QuorumPeer$QuorumServer@149] - Resolved hostname: node1.thegeekstuff.com to address: /192.168.101.1
FastLeaderElection@852] - Notification time out: 6400
[/192.168.101.1:3888:QuorumCnxManager$Listener@541] - Received connection request /192.168.101.2:56214
[WorkerReceiver[myid=1]:FastLeaderElection@600] - Notification: 1 (message format version), 2 (n.leader), 0x0 (n.zxid), 0x1 (n.round), LOOKING (n.state), 2 (n.sid), 0x0 (n.peerEpoch) LOOKING (my state)
[WorkerReceiver[myid=1]:FastLeaderElection@600] - Notification: 1 (message format version), 2 (n.leader), 0x0 (n.zxid), 0x1 (n.round), LOOKING (n.state), 1 (n.sid), 0x0 (n.peerEpoch) LOOKING (my state)
QuorumPeer@844] - FOLLOWING
Learner@86] - TCP NoDelay set to: true
Environment@100] - Server environment:zookeeper.version=3.4.9-1757313, built on 08/23/2016 06:50 GMT
Environment@100] - Server environment:host.name=node1.thegeekstuff.com
Environment@100] - Server environment:java.version=1.8.0_91
Environment@100] - Server environment:java.vendor=Oracle Corporation
Environment@100] - Server environment:java.home=/usr/lib/jvm/java-1.8.0-openjdk-1.8.0.91-0.b14.el7_2.x86_64/jre
Environment@100] - Server environment:java.class.path=zookeeper-3.4.9.jar:lib/log4j-1.2.16.jar:lib/slf4j-log4j12-1.6.1.jar:lib/slf4j-api-1.6.1.jar:conf
Environment@100] - Server environment:java.library.path=/usr/java/packages/lib/amd64:/usr/lib64:/lib64:/lib:/usr/lib
Environment@100] - Server environment:java.io.tmpdir=/tmp
Environment@100] - Server environment:java.compiler=NA
Environment@100] - Server environment:os.name=Linux
Environment@100] - Server environment:os.arch=amd64
Environment@100] - Server environment:os.version=3.10.0-327.18.2.el7.x86_64
Environment@100] - Server environment:user.name=root
Environment@100] - Server environment:user.home=/root
Environment@100] - Server environment:user.dir=/opt/zookeeper
ZooKeeperServer@173] - Created server with tickTime 2000 minSessionTimeout 4000 maxSessionTimeout 40000 datadir /var/zookeeper/version-2 snapdir /var/zookeeper/version-2
Follower@61] - FOLLOWING - LEADER ELECTION TOOK - 8869
QuorumPeer$QuorumServer@149] - Resolved hostname: node2.thegeekstuff.com to address: /192.168.101.2
QuorumPeer$QuorumServer@149] - Resolved hostname: node3.thegeekstuff.com to address: /192.168.101.3
Learner@326] - Getting a diff from the leader 0x0
FileTxnSnapLog@240] - Snapshotting: 0x0 to /var/zookeeper/version-2/snapshot.0
Add your comment

If you enjoyed this article, you might also like..

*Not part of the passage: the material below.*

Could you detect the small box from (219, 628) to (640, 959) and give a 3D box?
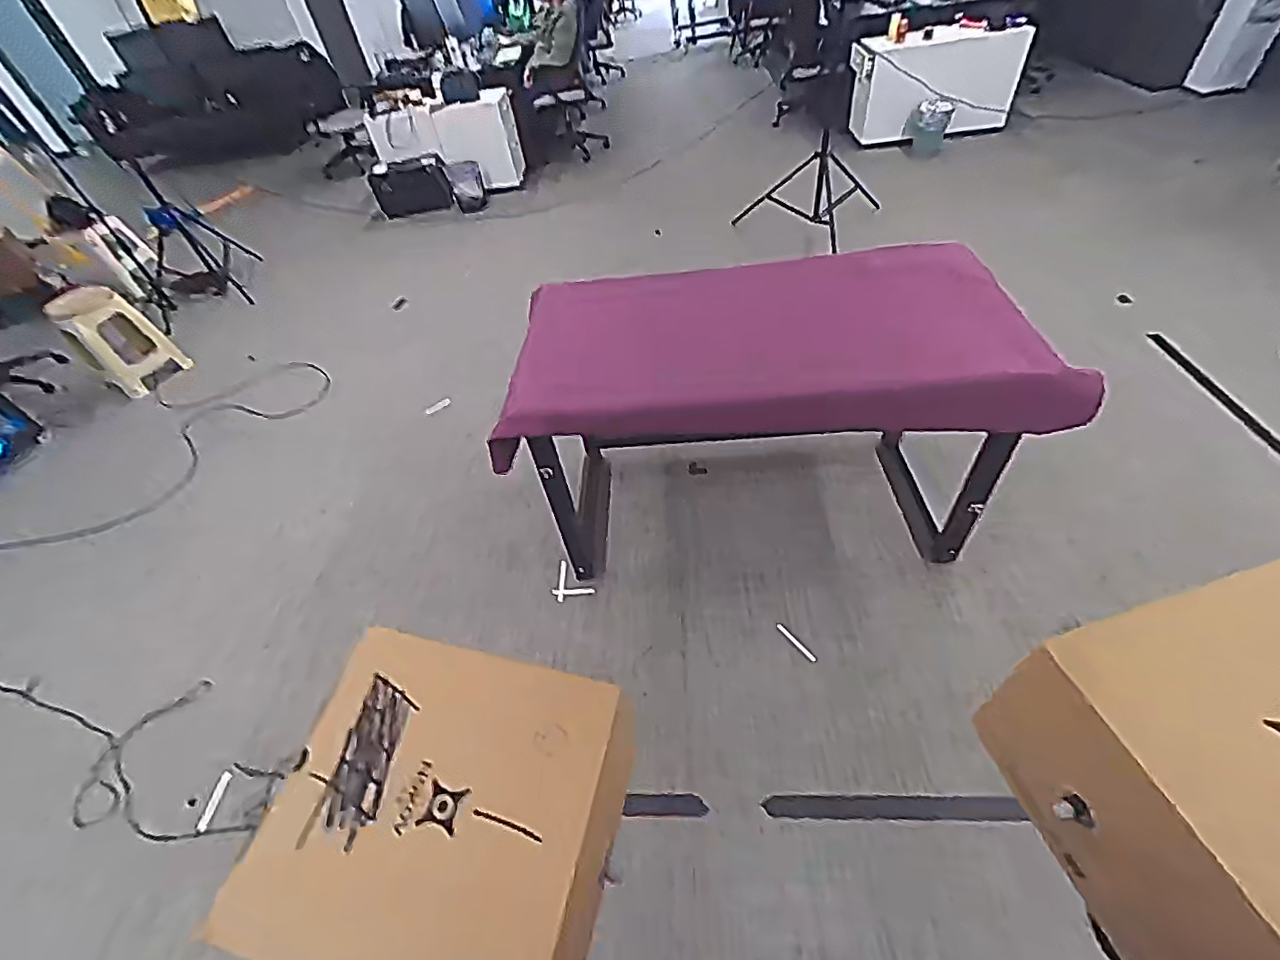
[{"bbox_3d":[-0.105,0.223,0.362,0.179,0.176,0.168,10,55,10],"label":"small box"}]

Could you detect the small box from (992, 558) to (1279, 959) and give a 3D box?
[{"bbox_3d":[0.357,0.178,0.334,0.179,0.176,0.168,-18,50,-1],"label":"small box"}]

  1. 50 Linux Sysadmin Tutorials
  2. 50 Most Frequently Used Linux Commands (With Examples)
  3. Top 25 Best Linux Performance Monitoring and Debugging Tools
  4. Mommy, I found it! – 15 Practical Linux Find Command Examples
  5. Linux 101 Hacks 2nd Edition eBook Linux 101 Hacks Book

Bash 101 Hacks Book Sed and Awk 101 Hacks Book Nagios Core 3 Book Vim 101 Hacks Book

Comments on this entry are closed.

  • Sankalp November 4, 2016, 6:33 am

    Thanks for sharing, this perfectly worked.
    I follows zookeeper website to setup but key things that I missed and found your article helpful were :-
    1. Copy zoo.cfg in all the follower zookeeper instances
    2. Start zookeeper on all followers after leader
    3. Create myid file for leader zookeeper as well and do entry there.

  • Güvenlik Kamera Sistemleri November 15, 2016, 6:37 am

    Thanks for sharing your nice experiences. It worked.

  • Sankalp January 18, 2017, 10:28 pm

    This is indeed helpful but is there a way in zookeeper to dynamically add nodes as plug and play ?
    IN The current setup we need to have cluster info beforehand.